Light Absorption and Plant Photosynthesis

Chlorophylls, carotenoids, and anthocyanins are three major light-absorbing pigments in higher plants. Plants use light wavelengths within the range from 400 to 700 nm (photosynthetically active radiation) for photosynthetic activity (Davis and Burns, 2016). McCree (1971) quantified the spectral absorption of several species and indicated that red wavelengths (600 to 700 nm) are most efficiently absorbed by chlorophyll. Chlorophyll a has its absorption peaks at 430 and 665 nm, whereas chlorophyll b has its absorption peaks at 453 and 642 nm (Sager and McFarlane, 1997). The carotenoids absorb strongly the blue light region, with maximum absorption at 448 and 452 nm (Wright and Shearer, 1984) (Fig. 1). Anthocyanins are known to prevent photoinhibition and photodamage by absorbing excessive radiation that would otherwise be absorbed by chloroplast pigments (Takahashi and Badger, 2011). Therefore, blue and red LEDs are widely accepted as the light source.
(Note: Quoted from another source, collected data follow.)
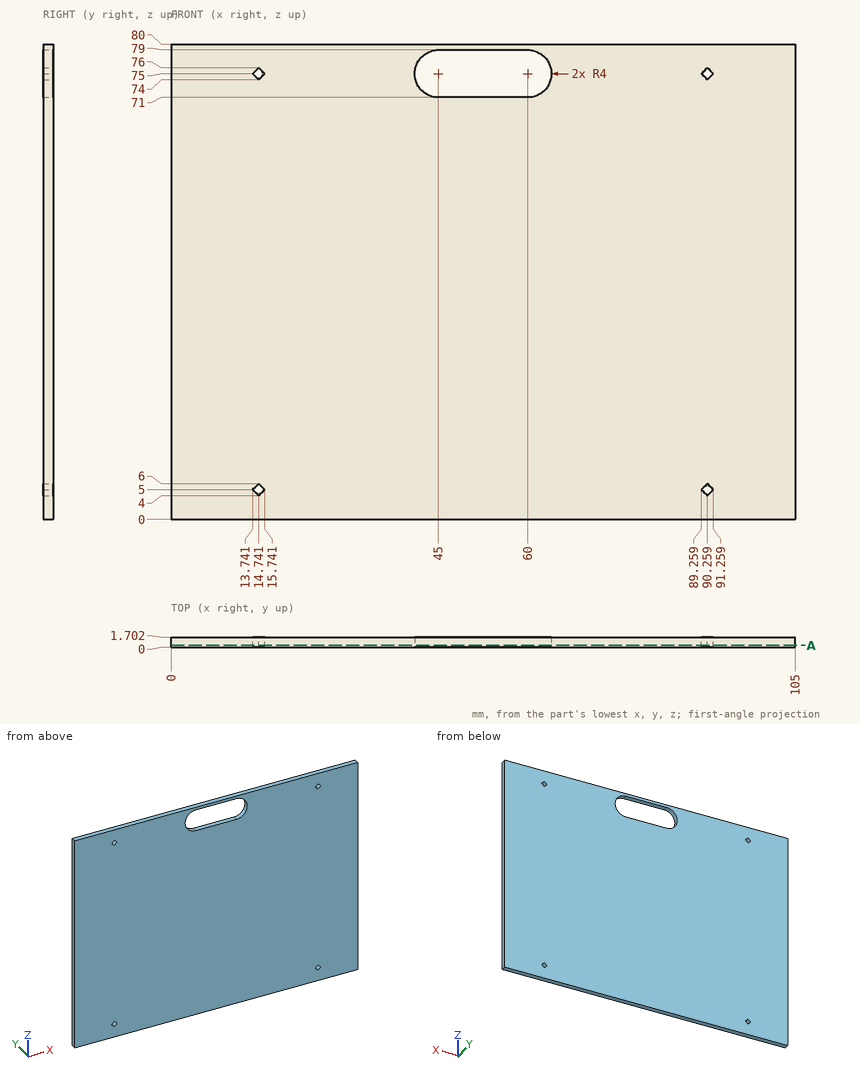
For this review, use the dimensioned drawing (mm, ordinates from the lowest corner) and the shaded views. Coordinates: 2 decimals unless noted, no trailing zeros. Loops run counter-clockwise (first coordinate to the right, second up) from the corner with the lowest first, then second, coordinate; pieces in that order, holes last. Notation, with made-up numbers: (72, 2) -> (100, 2) arc R27 ccw to (100, 26) -> close; hole circle Ø10 at (-17.75, 1). An arc over 180 degrees is marked (long way). Use a Markdown table: item, result. Add a question column.
1. Add section A-A on y = 0.35. Write out the cut boundary in (x, z), plus the area to 3 significant figures.
2. Clearance check with a flat-ended pin moving along its axis: pin 1 Ø4 at (x, z) = (93, 28) entering from -Y. State where the tip first meets the part, or that it passes through.
3. To check wall thickness, follow line 1 (Z direction, x = 91, y = 0.3); line 2 (Z direction, x = 58, y = 1.15); line 3 (X direction, y = 0.8, z = 73) (1 decimal). State the ranges of each line that lie inside material, in increasing order.
Returned:
| question | item | result |
|---|---|---|
| 1 | outline | (0, 0) -> (105, 0) -> (105, 80) -> (0, 80) -> close; hole (13.74, 5) -> (14.74, 4) -> (15.74, 5) -> (14.74, 6) -> close; hole (13.74, 75) -> (14.74, 74) -> (15.74, 75) -> (14.74, 76) -> close; hole (45, 71) -> (60, 71) arc R4 ccw to (60, 79) -> (45, 79) arc R4 ccw to start; hole (89.26, 5) -> (90.26, 4) -> (91.26, 5) -> (90.26, 6) -> close; hole (89.26, 75) -> (90.26, 74) -> (91.26, 75) -> (90.26, 76) -> close |
| 1 | area | 8,220 mm² |
| 2 | pin 1 | stops at y = 0 |
| 3 | line 1 | z = 0 to 4.74, 5.26 to 74.74, 75.26 to 80 |
| 3 | line 2 | z = 0 to 71, 79 to 80 |
| 3 | line 3 | x = 0 to 41.5, 63.5 to 105 |

The effects of light quality and intensity on horticultural traits and the increased availability of narrow-bandwidth light sources present an opportunity to exploit the knowledge of light-sensory circuitry to custom-blend light regimens that drive plant responses to match market demands.

Fig. 1.
Fig. 1.

Absorption spectra of the major chlorophyll and carotenoid pigments in plants (Johnson, 2016). Chlorophylls absorb light energy mainly in the red and blue parts of the visible spectrum, whereas carotenoids absorb blue and green wavelengths.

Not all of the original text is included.